End to End Encryption

We have all read a technical document written by marketing, and facepalmed at it. Zoom's technical documentation has traditionally had a very strong marketing voice. One such case was in promoting "end to end encryption."

I won't sugar-coat it: Zoom's documentation was misleading. While chat in Zoom has end-to-end encryption capability, audio and video conferences do not. However, no competent security architect should ever have believed that this existed. How could real-time facial recognition or audio transcription possibly work without a centralized server? Zoom works like pretty much every service doing the same thing: they encrypt connections between the server and each client, but decrypt the traffic in the middle (on the server itself) to allow the service to function.

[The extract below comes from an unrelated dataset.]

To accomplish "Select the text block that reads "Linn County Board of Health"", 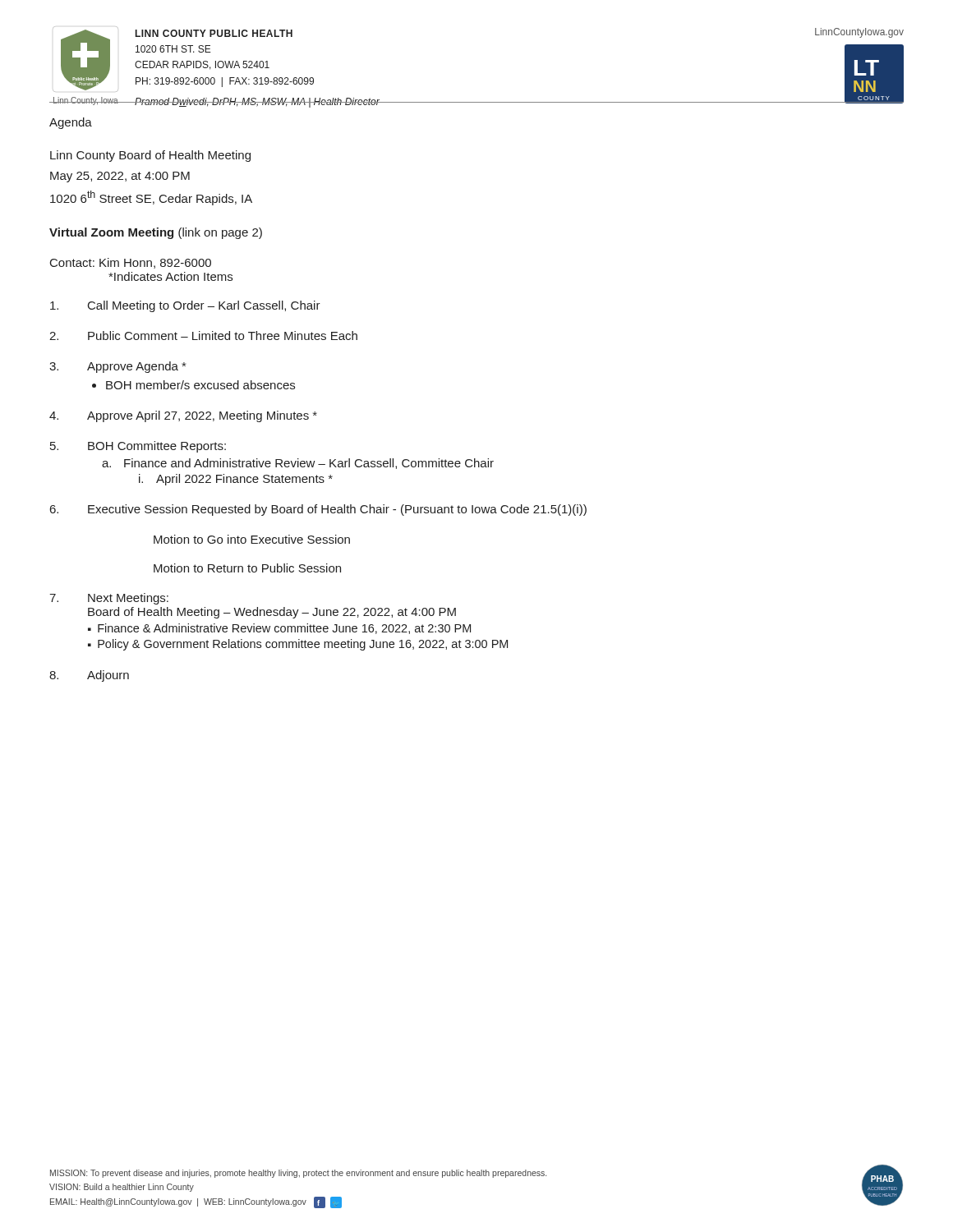I will [x=151, y=176].

Does this represent a security risk? Possibly, but in practice, probably not, if Zoom is to be believed. They claim that conversations aren't accessible by Zoom staff. That can't be strictly true, because if decrypted traffic exists on the server, an administrator could potentially dump it to disk and reconstruct it. In practical terms, is this is a risk? Probably not, because given the way the Zoom service works, calls can be routed through any data center via any server. Unless you knew exactly which call you were targeting and could instantly compromise the server it was routed through, and do so undetected, it'd be really hard to exploit this.

Zoom responded by updating their documentation to be technically accurate, and they published a blog post apologizing for the error and explaining how it happened. I am calling this a case of "marketing writing security documentation" and leaving it there.

Short Sellers?

So, something funny happened. An independent, Seattle-based "tech journalist," who wrote a 7,000 word screed tearing down Zoom, asked whether I owned Zoom stock assuming that this was my motivation for questioning the narrative. I don't own the stock, never have, and also have never held any position in $ZM either short or long. But curiously, when I asked the same question, the silence was deafening.

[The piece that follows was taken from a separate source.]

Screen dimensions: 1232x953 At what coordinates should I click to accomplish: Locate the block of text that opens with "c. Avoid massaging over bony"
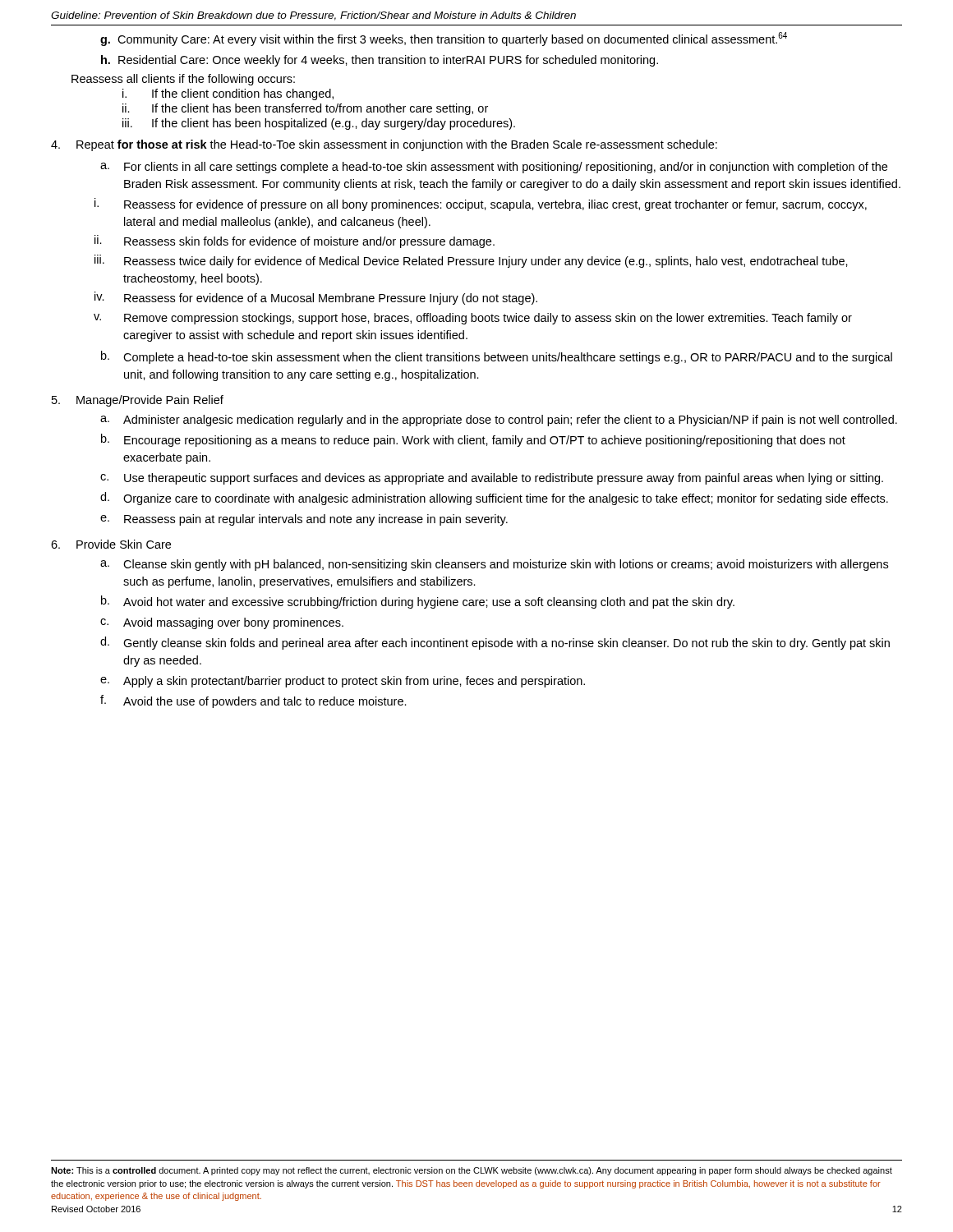click(222, 623)

This could be an echo chamber of lazy journalism feeding on scare tactics, but it could also have been a coordinated action to tank the stock.

Where Do We Go From Here?

I'm not sure what is going on, but what I do know is that Zoom has been hyper-responsive. They updated their privacy policy three times in March in response to criticism. They have fixed every bug and design issue that has been raised, and have done so almost immediately in the midst of a pandemic where demand for their services has grown more than 20-fold. Yes, they have done shady stuff in the past, and their engagement with the information security community has been anywhere from "mediocre" to "hostile." However, they have learned fast, have improved fast, and from where I sit, they seem to be doing all of the right things.

In the information security industry, we represent confidentiality, integrity and availability. The "Availability" corner of the triad is the most important one for most organizations right now. There is a very real impact of forcing an IT team, students, and teachers, all of whom are working remotely and none of whom have done this before, to all switch to entirely new tooling because of #infosec fear-mongering. It's easy for you to just fire up a Docker container with a Jitsi instance and host it yourself. Ask a second grade teacher to, without any physical presence, individually help thirty 8-year-olds on multiple platforms migrate to whatever open source tool of choice you're promoting.

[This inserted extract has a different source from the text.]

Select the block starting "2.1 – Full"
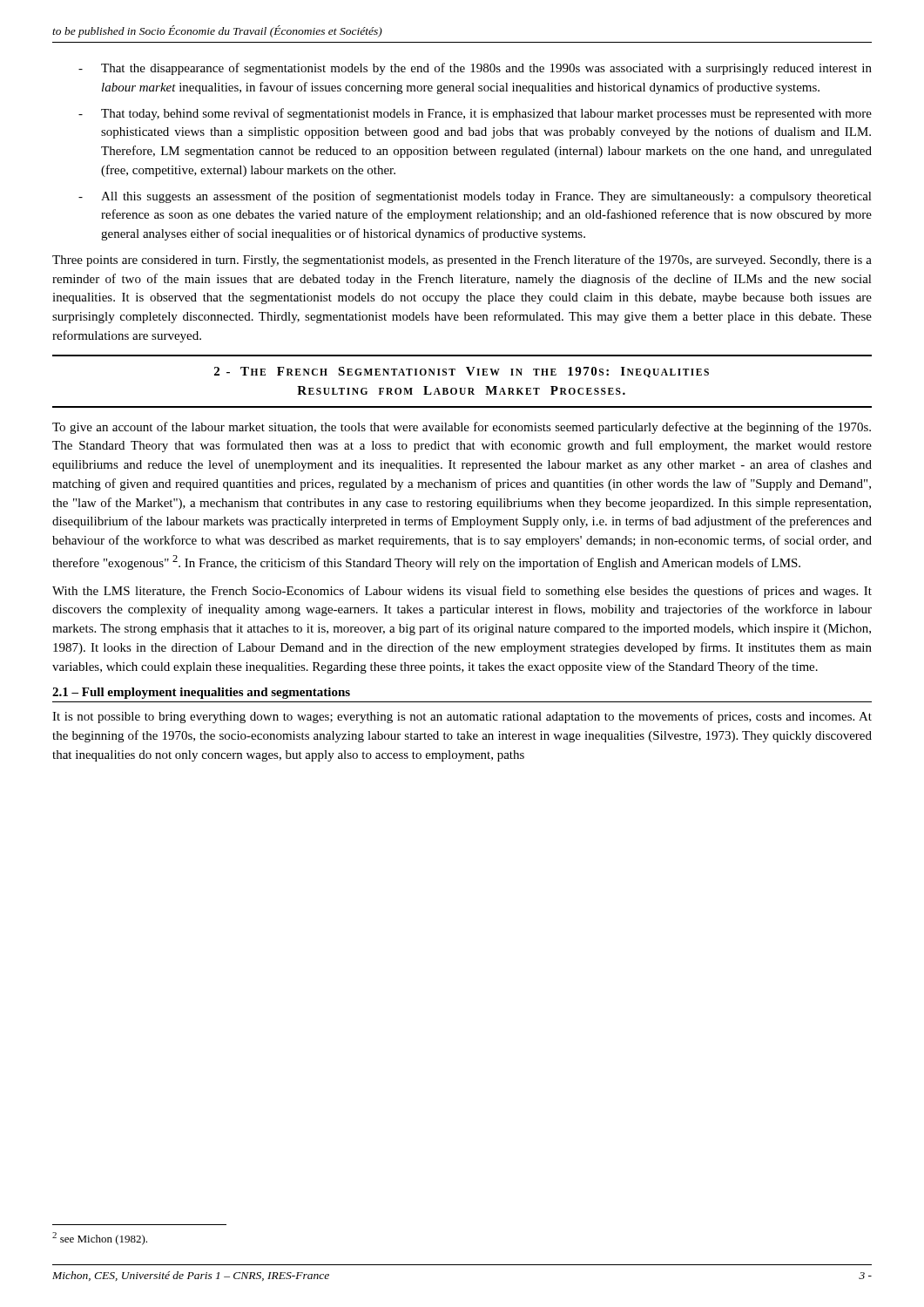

Look: If Zoom really is shady, I'll be right there with you burning them with fire. But I'm just not seeing that. Not here, not now. I'm seeing a company being torn down--maybe for money, for politics, or for sport, but for no good security reason that I can see. And this is causing a very real impact.

It needs to stop.

The first principle right now needs to be keeping the lights on.

Nothing else matters without availability.